In our last newsletter, we observed the 60th anniversary of the terrorist bombing of the 16th Street Baptist Church in Birmingham, Alabama. We featured an excerpt of a speech by Supreme Court Justice Ketanji Brown Jackson, who spoke at the church this year to honor the memory of the four girls who were killed — and to share a passionate plea for learning the lessons of history.
Justice Jackson said that, as a child, she was inspired by songs from the Civil Rights Movement. They served as a powerful soundtrack to an era of action and consequence. Perhaps the most well known of these is the iconic “We Shall Overcome.”
The song’s famous melody likely has its origins in 18th century Europe. In the United States, enslaved Black people adapted the music into numerous songs.
Inspiration for the lyrics of “We Shall Overcome” is often credited to Reverend Dr.

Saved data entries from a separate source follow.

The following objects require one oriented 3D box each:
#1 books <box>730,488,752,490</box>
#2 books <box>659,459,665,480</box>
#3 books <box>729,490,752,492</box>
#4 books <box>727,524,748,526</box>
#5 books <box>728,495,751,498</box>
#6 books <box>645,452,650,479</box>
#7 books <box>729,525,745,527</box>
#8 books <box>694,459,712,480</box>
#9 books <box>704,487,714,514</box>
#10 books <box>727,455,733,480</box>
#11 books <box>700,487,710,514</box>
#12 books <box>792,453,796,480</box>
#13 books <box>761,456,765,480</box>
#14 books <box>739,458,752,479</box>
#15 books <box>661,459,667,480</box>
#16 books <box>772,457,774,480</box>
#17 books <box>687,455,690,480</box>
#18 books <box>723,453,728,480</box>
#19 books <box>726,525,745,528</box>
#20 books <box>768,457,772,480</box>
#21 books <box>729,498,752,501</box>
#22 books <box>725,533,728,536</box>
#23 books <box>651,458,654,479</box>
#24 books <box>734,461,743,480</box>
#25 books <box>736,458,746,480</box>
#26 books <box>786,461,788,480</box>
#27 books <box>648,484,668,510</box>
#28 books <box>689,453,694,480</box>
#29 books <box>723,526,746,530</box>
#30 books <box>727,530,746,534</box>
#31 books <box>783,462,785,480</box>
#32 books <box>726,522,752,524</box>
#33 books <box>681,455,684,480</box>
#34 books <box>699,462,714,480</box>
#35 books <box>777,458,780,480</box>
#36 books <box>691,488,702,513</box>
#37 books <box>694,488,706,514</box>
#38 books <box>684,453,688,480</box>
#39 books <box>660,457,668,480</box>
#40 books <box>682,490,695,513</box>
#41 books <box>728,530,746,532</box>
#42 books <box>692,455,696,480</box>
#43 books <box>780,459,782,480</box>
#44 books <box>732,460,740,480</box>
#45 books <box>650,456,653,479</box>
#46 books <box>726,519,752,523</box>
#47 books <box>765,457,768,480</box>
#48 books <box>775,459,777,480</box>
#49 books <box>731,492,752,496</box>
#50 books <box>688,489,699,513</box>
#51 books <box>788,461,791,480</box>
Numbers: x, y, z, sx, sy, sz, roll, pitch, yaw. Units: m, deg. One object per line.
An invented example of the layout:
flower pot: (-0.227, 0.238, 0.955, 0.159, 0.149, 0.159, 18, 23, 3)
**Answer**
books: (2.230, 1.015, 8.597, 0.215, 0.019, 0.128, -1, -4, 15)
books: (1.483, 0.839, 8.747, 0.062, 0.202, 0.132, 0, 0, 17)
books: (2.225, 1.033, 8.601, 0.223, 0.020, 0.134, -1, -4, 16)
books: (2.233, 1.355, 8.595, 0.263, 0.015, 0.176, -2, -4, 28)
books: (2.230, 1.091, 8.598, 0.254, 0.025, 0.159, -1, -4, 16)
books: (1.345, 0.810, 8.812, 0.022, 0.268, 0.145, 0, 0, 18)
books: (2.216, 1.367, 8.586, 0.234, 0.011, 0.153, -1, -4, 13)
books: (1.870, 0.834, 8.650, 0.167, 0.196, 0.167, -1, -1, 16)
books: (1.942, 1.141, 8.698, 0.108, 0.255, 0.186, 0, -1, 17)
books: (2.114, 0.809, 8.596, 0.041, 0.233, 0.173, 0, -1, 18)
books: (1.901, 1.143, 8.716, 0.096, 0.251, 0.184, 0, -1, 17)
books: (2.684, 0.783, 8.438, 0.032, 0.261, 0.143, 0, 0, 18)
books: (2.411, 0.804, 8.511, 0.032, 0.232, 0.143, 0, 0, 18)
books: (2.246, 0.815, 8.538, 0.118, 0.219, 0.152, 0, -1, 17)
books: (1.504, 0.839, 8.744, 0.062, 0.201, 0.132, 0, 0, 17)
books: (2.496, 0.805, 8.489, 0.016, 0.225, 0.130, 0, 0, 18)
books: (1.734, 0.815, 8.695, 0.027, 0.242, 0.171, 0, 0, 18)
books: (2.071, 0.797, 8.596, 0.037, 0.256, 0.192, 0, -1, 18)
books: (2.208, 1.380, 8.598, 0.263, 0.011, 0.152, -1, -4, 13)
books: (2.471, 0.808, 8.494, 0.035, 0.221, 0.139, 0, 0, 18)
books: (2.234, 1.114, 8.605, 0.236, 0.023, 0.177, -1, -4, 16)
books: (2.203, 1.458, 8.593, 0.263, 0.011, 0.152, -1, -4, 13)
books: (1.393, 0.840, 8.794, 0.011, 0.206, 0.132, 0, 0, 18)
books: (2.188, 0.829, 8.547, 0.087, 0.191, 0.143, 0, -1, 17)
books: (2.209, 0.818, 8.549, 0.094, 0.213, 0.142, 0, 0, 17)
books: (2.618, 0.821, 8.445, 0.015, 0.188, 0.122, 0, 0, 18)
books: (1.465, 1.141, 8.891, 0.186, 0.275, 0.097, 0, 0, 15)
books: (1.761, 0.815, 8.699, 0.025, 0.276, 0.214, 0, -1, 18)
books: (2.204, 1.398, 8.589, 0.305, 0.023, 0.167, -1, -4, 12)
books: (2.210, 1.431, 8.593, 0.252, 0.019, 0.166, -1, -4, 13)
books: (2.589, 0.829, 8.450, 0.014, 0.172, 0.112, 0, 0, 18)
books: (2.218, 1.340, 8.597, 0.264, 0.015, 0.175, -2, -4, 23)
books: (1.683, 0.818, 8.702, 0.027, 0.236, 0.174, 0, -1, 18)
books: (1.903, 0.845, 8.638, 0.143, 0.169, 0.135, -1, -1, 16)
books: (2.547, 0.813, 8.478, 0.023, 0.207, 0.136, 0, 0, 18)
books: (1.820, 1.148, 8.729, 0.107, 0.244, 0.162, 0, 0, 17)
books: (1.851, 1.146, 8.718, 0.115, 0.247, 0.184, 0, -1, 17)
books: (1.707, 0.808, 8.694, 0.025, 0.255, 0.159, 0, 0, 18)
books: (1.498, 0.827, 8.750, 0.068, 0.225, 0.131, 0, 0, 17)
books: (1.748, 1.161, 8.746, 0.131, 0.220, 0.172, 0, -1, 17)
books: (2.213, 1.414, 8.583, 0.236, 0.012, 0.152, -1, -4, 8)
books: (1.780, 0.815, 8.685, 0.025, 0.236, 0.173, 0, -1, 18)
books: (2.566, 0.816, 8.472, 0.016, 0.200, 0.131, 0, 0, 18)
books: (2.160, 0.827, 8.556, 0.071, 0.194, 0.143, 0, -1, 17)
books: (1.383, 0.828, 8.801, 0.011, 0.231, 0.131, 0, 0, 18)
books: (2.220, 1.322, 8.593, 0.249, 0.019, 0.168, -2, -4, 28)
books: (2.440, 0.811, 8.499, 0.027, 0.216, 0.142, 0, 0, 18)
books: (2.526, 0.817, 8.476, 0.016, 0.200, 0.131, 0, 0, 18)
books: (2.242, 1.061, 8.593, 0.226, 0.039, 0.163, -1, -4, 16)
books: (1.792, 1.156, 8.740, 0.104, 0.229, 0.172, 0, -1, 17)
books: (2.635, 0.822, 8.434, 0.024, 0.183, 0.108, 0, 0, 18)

Charles Tindley, a Methodist minister and gospel music composer. Born a freeman to a formerly enslaved father in the decade before the Civil War, Dr. Tindley wrote several hymns, including one in 1901 called “I’ll Overcome Someday.” Its first verse and chorus were:
This world is one great battlefield,
With forces all arrayed;
If in my heart I do not yield
I’ll overcome some day.I’ll overcome some day,
I’ll overcome some day;
If in my heart I do not yield
I’ll overcome some day.
This song had a different tune, and the perspective was first person: “I’ll overcome.” A series of revised arrangements in the 1940s continued the song’s musical and lyrical evolution, including incorporating the melody we now know so well and changing “I’ll overcome” to “We will overcome.”
Labor and civil rights activists quickly saw the resonance of “We Will Overcome” as a protest song. In the mid-1940s, it was adopted by striking tobacco workers in South Carolina, where, as fate would have it, it was overheard by Zilphia Horton, musical director of the Highlander Folk School, a training center for civil and labor rights activists in Grundy County, Tennessee. Horton taught the song to a supporter of the school, folk singer Pete Seeger, who is credited for replacing “will overcome” with “shall overcome” in the lyrics. Seeger performed his version at the school’s 25th anniversary in 1957. In attendance was a young reverend who had come to give a speech: Martin Luther King Jr.
Dr. King is said to have expressed enthusiasm for the song immediately. And he and other Civil Rights leaders helped turn it into an anthem for the movement. A key to the song’s strength lies in its clarity — the repetition of the words and a tune accessible even to voices of modest ability. “It’s the genius of simplicity,” Seeger would say of the song. “Any damn fool can get complicated. I like to compare it to the backboard in basketball. You bounce your life experiences off it and they come back with new meaning.” Eleven years after Dr. King first heard “We Shall Overcome,” his wife, Coretta Scott King, and other luminaries of the Civil Rights Movement sang the song as they marched through the streets of Atlanta behind the wagon bearing Dr. King’s coffin.
“We Shall Overcome” is a song of hope and struggle, resilience and challenge. There are too many famous versions to count, but the song is just as defined by the millions who have sung it without recognition. So we wanted to use our platform here to share a rendition that deserves greater awareness. A friend introduced us to a performance by the AfterGlow Chorus in Oakland, California. It took place as part of a program commemorating another act of racist violence — the murder of nine Black parishioners in Bible study at the Emanuel African Methodist Episcopal Church in 2015 in Charleston, South Carolina.
Music can provide a salve for our pain — especially when it emanates from a place of love and support. What impressed us about this version was not only the musicality but the diversity of voices rising in exquisite harmony. It is testimony to all the choirs across the country and around the world that bring joy to our lives. And it is an affirmation of what we can overcome if we walk hand in hand without fear. It is A Reason To Smile.
This newsletter is supported by the Steady community. Please consider subscribing if you aren’t already a member.
The lyrics of this song are a perfect counterpoint to the vitriol of the Republican Party. We must sing this song to remind ourselves that despite hate and lies extolled by this opposition, our message of good can and will triumph.
Thank you Dan and Elliot for posting this beautiful rendition of this amazing song. It touches the heart and we should always hold it close. On this second day of Rosh Hashanah, this song reminds me of the Jewish sage Hillel and the famous questions he asked. To me the second and third questions are very important for what we are experiencing here in this country: "If I am not for others, what am I? And if not now, when?" As we see what a once good political party that stood up to slavery is now doing...the time is now to stand up for all of us and bring this shameful current events to a halt.